Hamburg. Die Mehrheit in Hamburg lebender türkischer Wähler hat für die Einführung des umstrittenen Präsidialsystems Erdogans gestimmt.

Am Ende haben nur wenige Hunderttausend Stimmen den Ausschlag gegeben. Das denkbar knappe Ergebnis beim Referendum über die umstrittene Verfassungsänderung in der Türkei hat Staatschef Recep Tayyip Erdogan nicht davon abgehalten, noch am Sonntagabend von einer "historischen Entscheidung" zu sprechen, die sein Volk nun getroffen habe. Erst Stunden später hat die türkische Wahlkommission das "Ja"-Lager schließlich zum Sieger des Referendums erklärt. Nach inoffiziellen Angaben der staatlichen Nachrichtenagentur Anadolu haben nach Auszählung von 99,23 Prozent aller Wahlurnen 51,3 Prozent der Wähler für die Einführung eines Präsidialsystems gestimmt, das Erdogan mächtiger machen wird denn je.

In Hamburg sind Menschen in kleinen Autokorsos durch die Straßen gefahren
In Hamburg sind Menschen in kleinen Autokorsos durch die Straßen gefahren © HA | Michael Arning

Während sich der Präsident und Parteiangehörige der AKP in Istanbul von begeisterten Anhängern bejubeln ließen, zogen auch in deutschen Großstädten Feiernde zu den zentralen Plätzen. In Hamburg hallte durch die Straßen das Gehupe kleiner Autokorsos, die mit Türkei-Flaggen geschmückt waren. Eine zunächst angestrebte Versammlung vor dem türkischen Generalkonsulat an der Ecke Tesdorpfstraße/Mittelweg unweit des Dammtorbahnhofs kam aber nicht zustande. "Wir haben das vor Ort überprüft und nur wenige Personen angetroffen", sagte ein Sprecher des polizeilichen Lagediensts. Die Beamten mussten sich stattdessen auf die Sternschanze konzentrieren.

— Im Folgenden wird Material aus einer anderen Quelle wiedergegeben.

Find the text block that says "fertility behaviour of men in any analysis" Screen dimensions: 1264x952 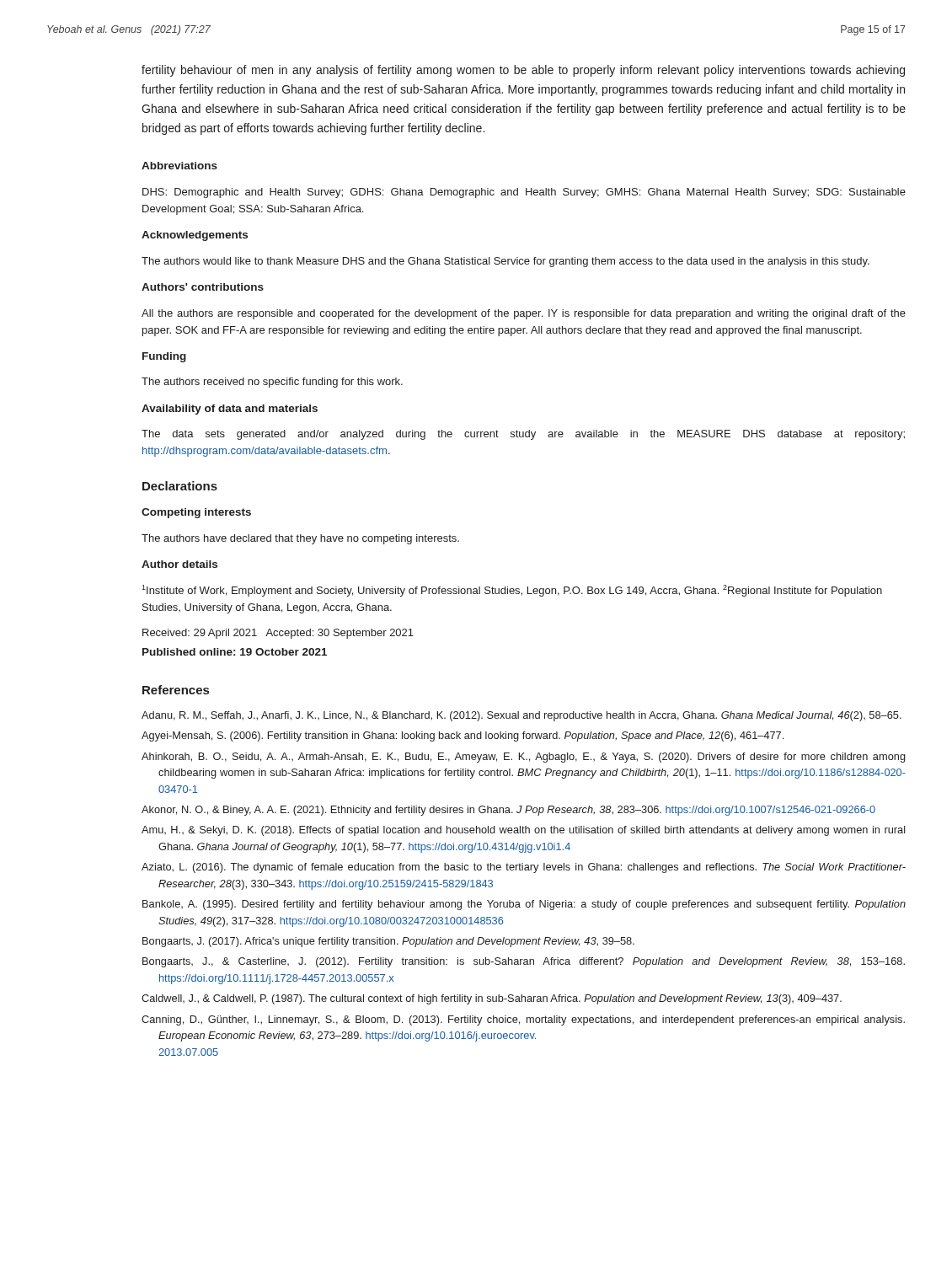[x=524, y=99]

200 Vermummte ziehen durch die Schanze

Ab der Weidenallee sollen nach Angaben des Lagediensts ab 22.15 Uhr bis zu 200 Vermummte durch die Straßen gezogen sein und mit Steinen Fenster an Häusern und Autos eingeworfen haben. "Da ist der Teufel los", sagte der Sprecher weiter. Die Polizei hat umgehend die Alarmreserve aus den anderen Stadtteilen zusammengerufen und sich im Bereich der Sternschanze mit zahlreichen mit Schutzkleidung ausgerüsteten Kräften positioniert. Der Aufzug Randalierender hat sich in der Zwischenzeit offenbar aufgelöst.

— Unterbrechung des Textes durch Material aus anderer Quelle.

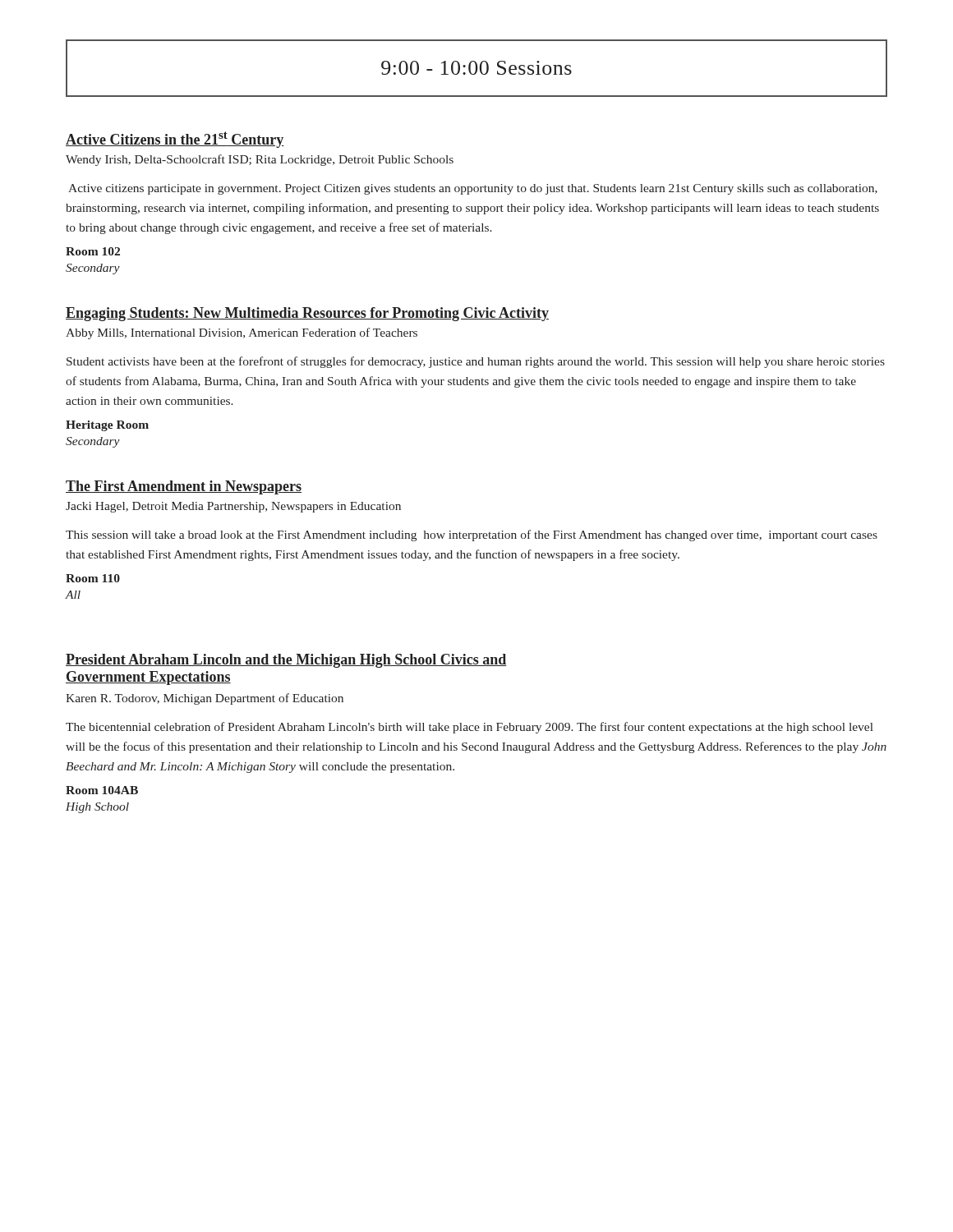Locate the section header that says "Engaging Students: New Multimedia Resources for Promoting"
Viewport: 953px width, 1232px height.
307,313

Unklar sei, ob es sich bei den Vermummten um Linksextreme oder Zugehörige anderer Lager handelt, sagte der Sprecher. Dies werde nun ermittelt. Dass der Aufzug in Zusammenhang mit dem Ergebnis des türkischen Referendums steht, ist jedoch mehr als wahrscheinlich.

Türken in Hamburg stimmten für "Ja"

Im Ausland lebende Türken waren bereits in der Vorwoche aufgerufen, über die Verfassungsänderung abzustimmen. Wie die türkische Nachrichtenagentur Anadolu berichtet, haben mehr als 63 Prozent der in Deutschland registrierten türkischen Wähler für das Präsidialsystem und damit gegen das parlamentarische Regierungssystem gestimmt. Bis zum 9. April gaben den inoffiziellen Angaben nach 48,73 Prozent oder 696.863 der 1.430.127 der Wahlberechtigten hierzulande ihre Stimme ab.

Ähnlich stellen sich demzufolge die Verhältnisse in Hamburg dar. In der Hansestadt sollen 61,1 Prozent für Erdogans Verfassungsänderung gestimmt haben. Insgesamt hat auch hier etwa die Hälfte (50,3 Prozent) der 83.852 Wahlberechtigten an der Abstimmung über die grundlegende Verfassungsänderung teilgenommen.

Bis zum Sonntag waren etwa 55,3 Millionen Wahlberechtigte in der Türkei aufgerufen, über die Einführung eines Präsidialsystems zu entscheiden. Im Inland soll die Wahlbeteiligung bei rund 87 Prozent gelegen haben. Angesichts des knappen Ergebnisses wollte die Opposition eine Niederlage nicht einräumen, monierte großflächige Unregelmäßigkeiten bei der Wahl und kündigte Proteste gegen das Ergebnis an.